** Opening Provided records block **

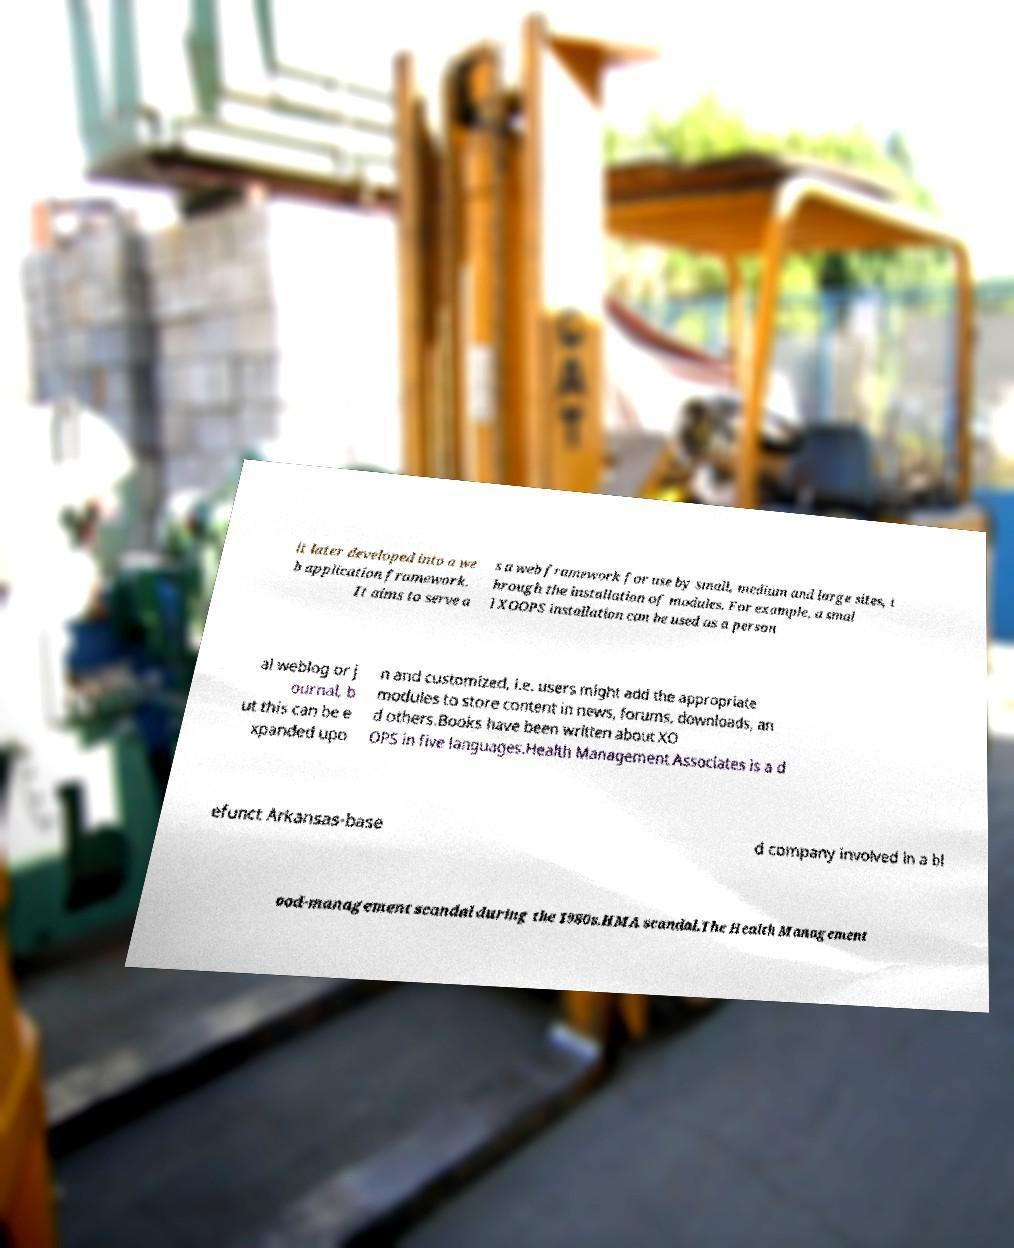Can you read and provide the text displayed in the image?This photo seems to have some interesting text. Can you extract and type it out for me? it later developed into a we b application framework. It aims to serve a s a web framework for use by small, medium and large sites, t hrough the installation of modules. For example, a smal l XOOPS installation can be used as a person al weblog or j ournal, b ut this can be e xpanded upo n and customized, i.e. users might add the appropriate modules to store content in news, forums, downloads, an d others.Books have been written about XO OPS in five languages.Health Management Associates is a d efunct Arkansas-base d company involved in a bl ood-management scandal during the 1980s.HMA scandal.The Health Management 
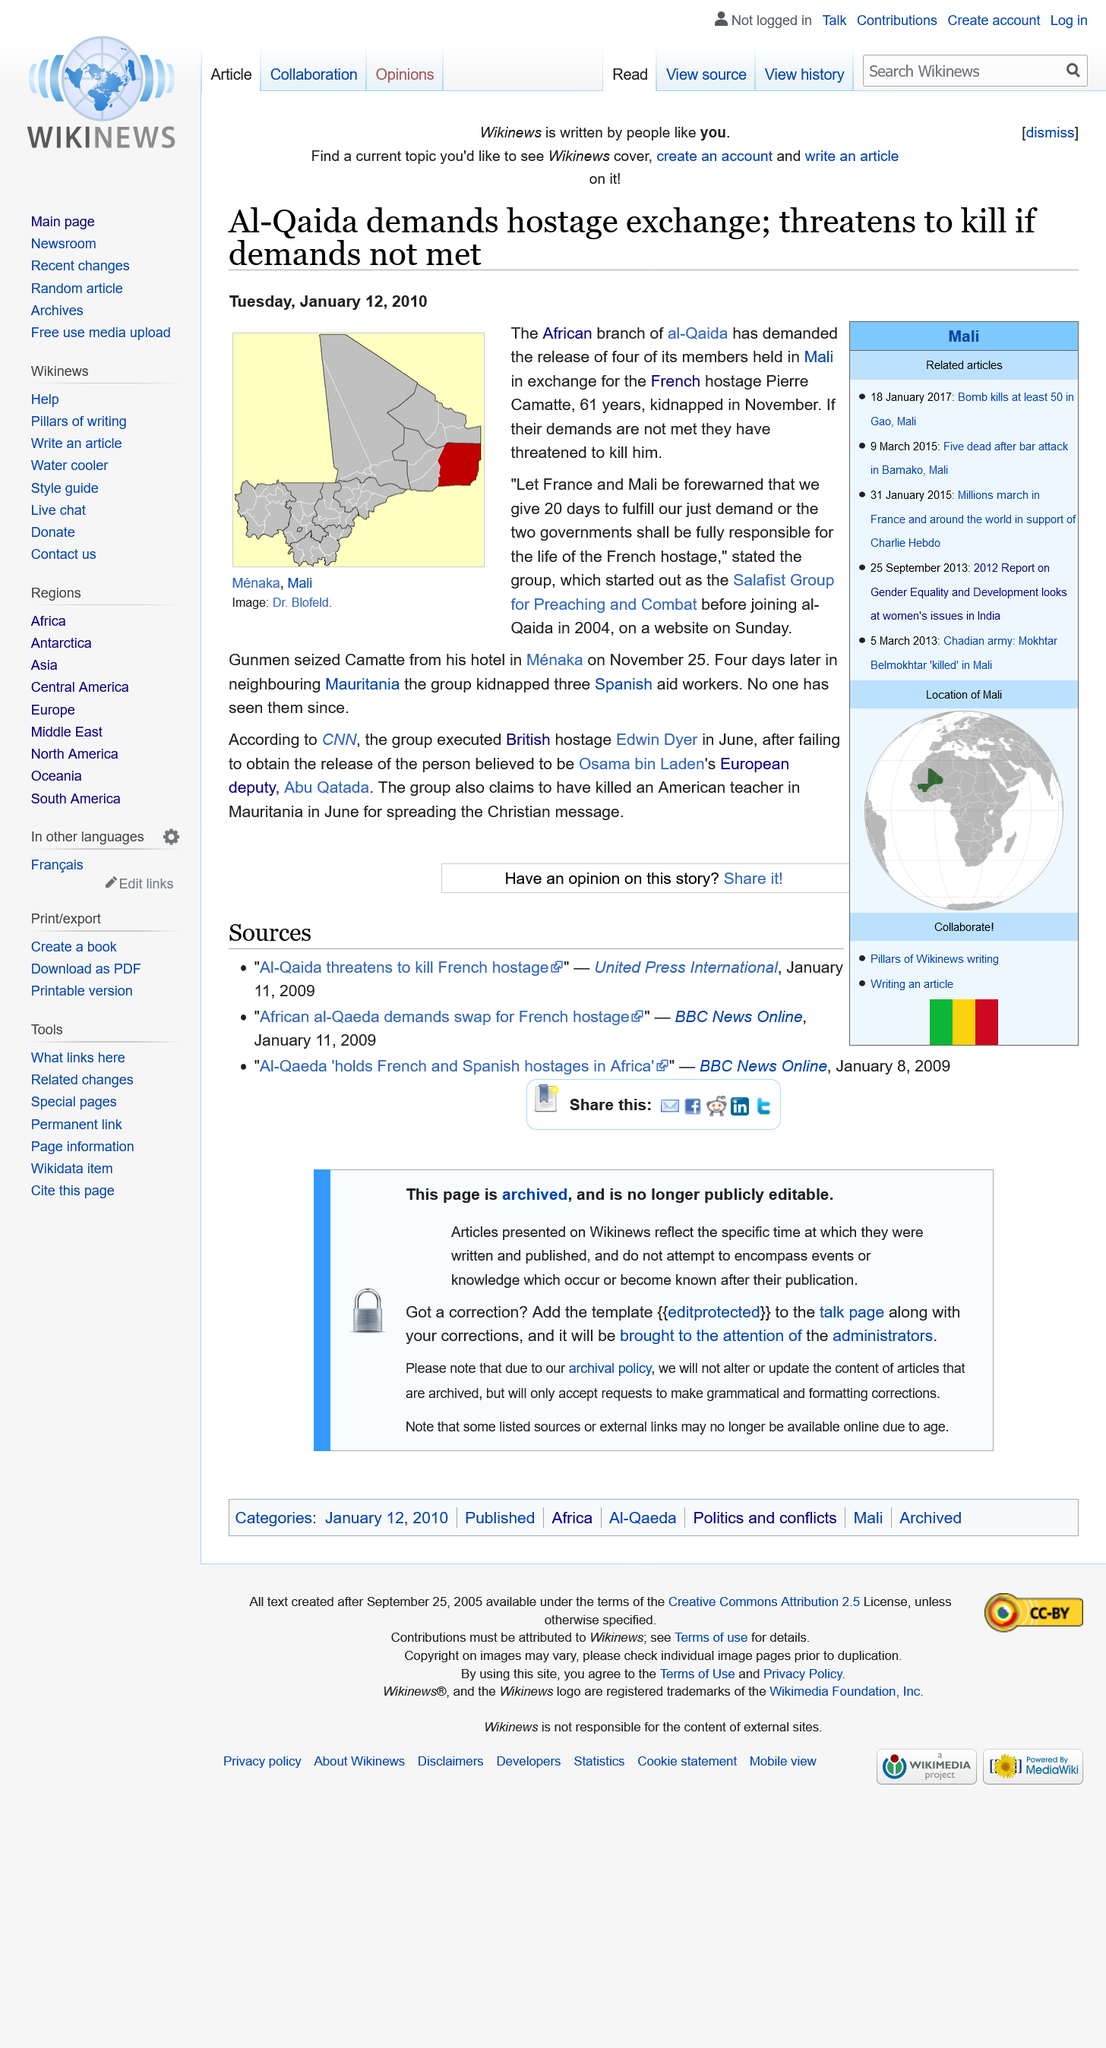Highlight a few significant elements in this photo. On November 25th, the hostage was captured. The hostage is 61 years old. A French citizen named Pierre Camatte has been kidnapped, and the kidnappers have given France and Mali 20 days to make a decision regarding the hostage's release. 
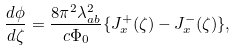Convert formula to latex. <formula><loc_0><loc_0><loc_500><loc_500>\frac { d \phi } { d \zeta } = \frac { 8 \pi ^ { 2 } \lambda _ { a b } ^ { 2 } } { c \Phi _ { 0 } } \{ J _ { x } ^ { + } ( \zeta ) - J _ { x } ^ { - } ( \zeta ) \} ,</formula> 
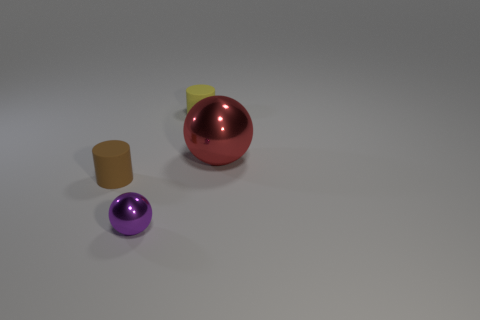Add 4 spheres. How many objects exist? 8 Subtract 0 blue cylinders. How many objects are left? 4 Subtract all tiny purple objects. Subtract all purple metal objects. How many objects are left? 2 Add 2 brown objects. How many brown objects are left? 3 Add 2 large green rubber cubes. How many large green rubber cubes exist? 2 
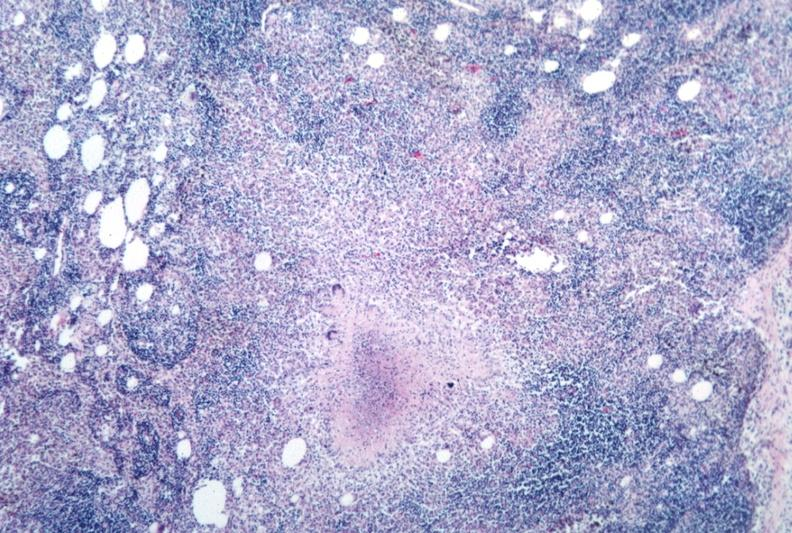s sella present?
Answer the question using a single word or phrase. No 
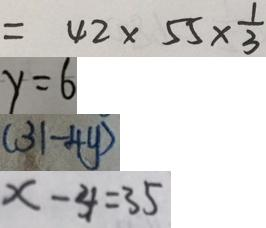Convert formula to latex. <formula><loc_0><loc_0><loc_500><loc_500>= 4 2 \times 5 5 \times \frac { 1 } { 3 } 
 y = 6 
 ( 3 1 - 4 y ) 
 x - 4 = 3 5</formula> 
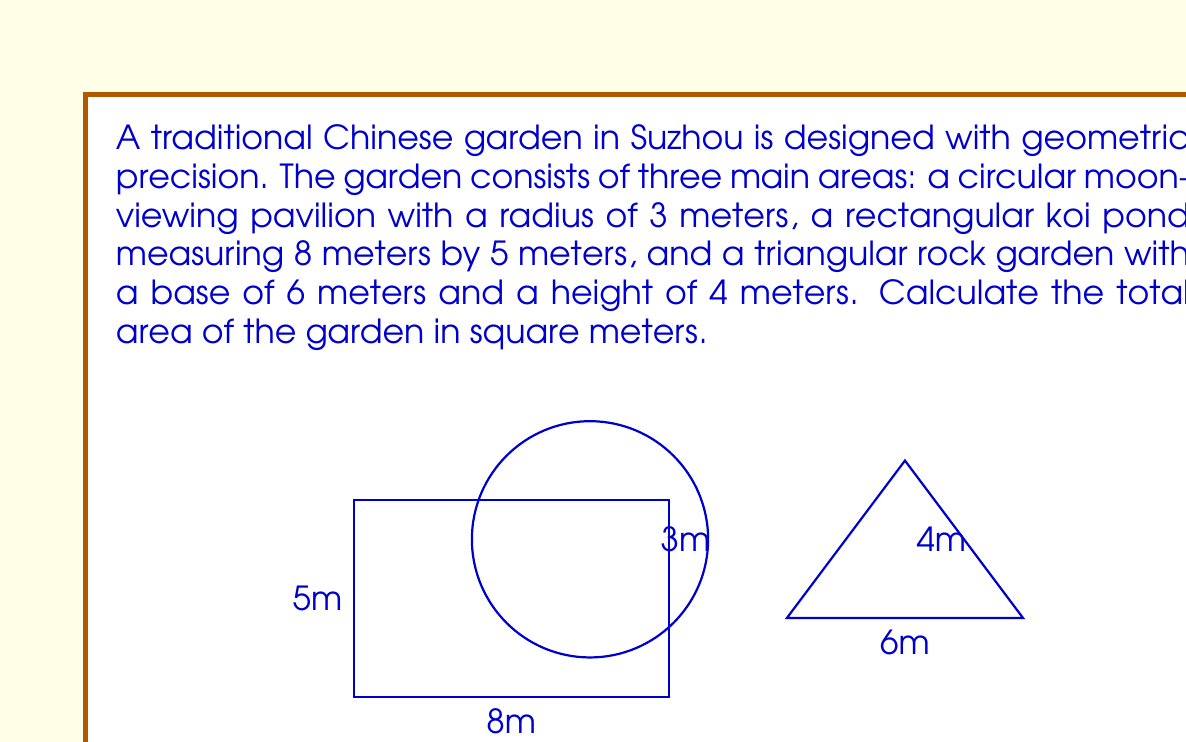Could you help me with this problem? To calculate the total area of the garden, we need to sum the areas of the three geometric shapes:

1. Circular moon-viewing pavilion:
   Area of a circle = $\pi r^2$
   $A_circle = \pi \cdot 3^2 = 9\pi$ square meters

2. Rectangular koi pond:
   Area of a rectangle = length $\times$ width
   $A_rectangle = 8 \cdot 5 = 40$ square meters

3. Triangular rock garden:
   Area of a triangle = $\frac{1}{2} \cdot$ base $\cdot$ height
   $A_triangle = \frac{1}{2} \cdot 6 \cdot 4 = 12$ square meters

Total area of the garden:
$$A_{total} = A_{circle} + A_{rectangle} + A_{triangle}$$
$$A_{total} = 9\pi + 40 + 12$$
$$A_{total} = 9\pi + 52$$

To simplify:
$$A_{total} \approx 28.27 + 52 = 80.27$$ square meters (rounded to two decimal places)
Answer: $9\pi + 52$ sq m $\approx 80.27$ sq m 
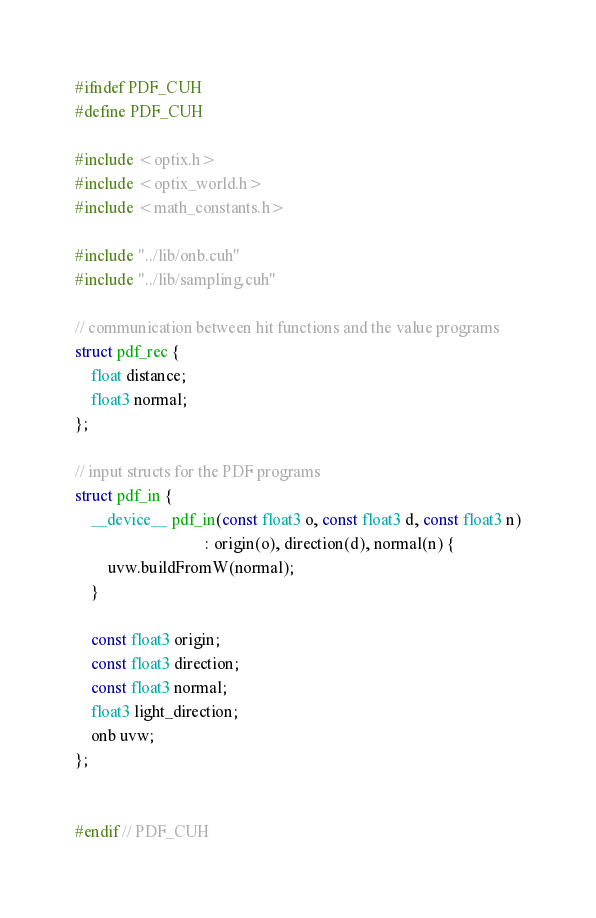<code> <loc_0><loc_0><loc_500><loc_500><_Cuda_>#ifndef PDF_CUH
#define PDF_CUH

#include <optix.h>
#include <optix_world.h>
#include <math_constants.h>

#include "../lib/onb.cuh"
#include "../lib/sampling.cuh"

// communication between hit functions and the value programs
struct pdf_rec {
    float distance;
    float3 normal;
};

// input structs for the PDF programs
struct pdf_in {
    __device__ pdf_in(const float3 o, const float3 d, const float3 n)
                                : origin(o), direction(d), normal(n) {
        uvw.buildFromW(normal);
    }

    const float3 origin;
    const float3 direction;
    const float3 normal;
    float3 light_direction;
    onb uvw;
};


#endif // PDF_CUH
</code>

** Closing Provided records block **

Work instruction:
Copy the records above from the first line through the line containing "Area of a triangle", both included, and leave out any pictures.

Written solution:
Can you read and provide the text displayed in the image?This photo seems to have some interesting text. Can you extract and type it out for me? it later developed into a we b application framework. It aims to serve a s a web framework for use by small, medium and large sites, t hrough the installation of modules. For example, a smal l XOOPS installation can be used as a person al weblog or j ournal, b ut this can be e xpanded upo n and customized, i.e. users might add the appropriate modules to store content in news, forums, downloads, an d others.Books have been written about XO OPS in five languages.Health Management Associates is a d efunct Arkansas-base d company involved in a bl ood-management scandal during the 1980s.HMA scandal.The Health Management 
Highlight a few significant elements in this photo. On November 25th, the hostage was captured. The hostage is 61 years old. A French citizen named Pierre Camatte has been kidnapped, and the kidnappers have given France and Mali 20 days to make a decision regarding the hostage's release. 
Convert formula to latex. <formula><loc_0><loc_0><loc_500><loc_500>\frac { d \phi } { d \zeta } = \frac { 8 \pi ^ { 2 } \lambda _ { a b } ^ { 2 } } { c \Phi _ { 0 } } \{ J _ { x } ^ { + } ( \zeta ) - J _ { x } ^ { - } ( \zeta ) \} ,</formula> 
Add 4 spheres. How many objects exist? 8 Subtract 0 blue cylinders. How many objects are left? 4 Subtract all tiny purple objects. Subtract all purple metal objects. How many objects are left? 2 Add 2 brown objects. How many brown objects are left? 3 Add 2 large green rubber cubes. How many large green rubber cubes exist? 2 
s sella present?
Answer the question using a single word or phrase. No 
Convert formula to latex. <formula><loc_0><loc_0><loc_500><loc_500>= 4 2 \times 5 5 \times \frac { 1 } { 3 } 
 y = 6 
 ( 3 1 - 4 y ) 
 x - 4 = 3 5</formula> 
Could you help me with this problem? To calculate the total area of the garden, we need to sum the areas of the three geometric shapes:

1. Circular moon-viewing pavilion:
   Area of a circle = $\pi r^2$
   $A_circle = \pi \cdot 3^2 = 9\pi$ square meters

2. Rectangular koi pond:
   Area of a rectangle = length $\times$ width
   $A_rectangle = 8 \cdot 5 = 40$ square meters

3. Triangular rock garden:
   Area of a triangle = $\frac{1}{2} \cdot$ base $\cdot$ height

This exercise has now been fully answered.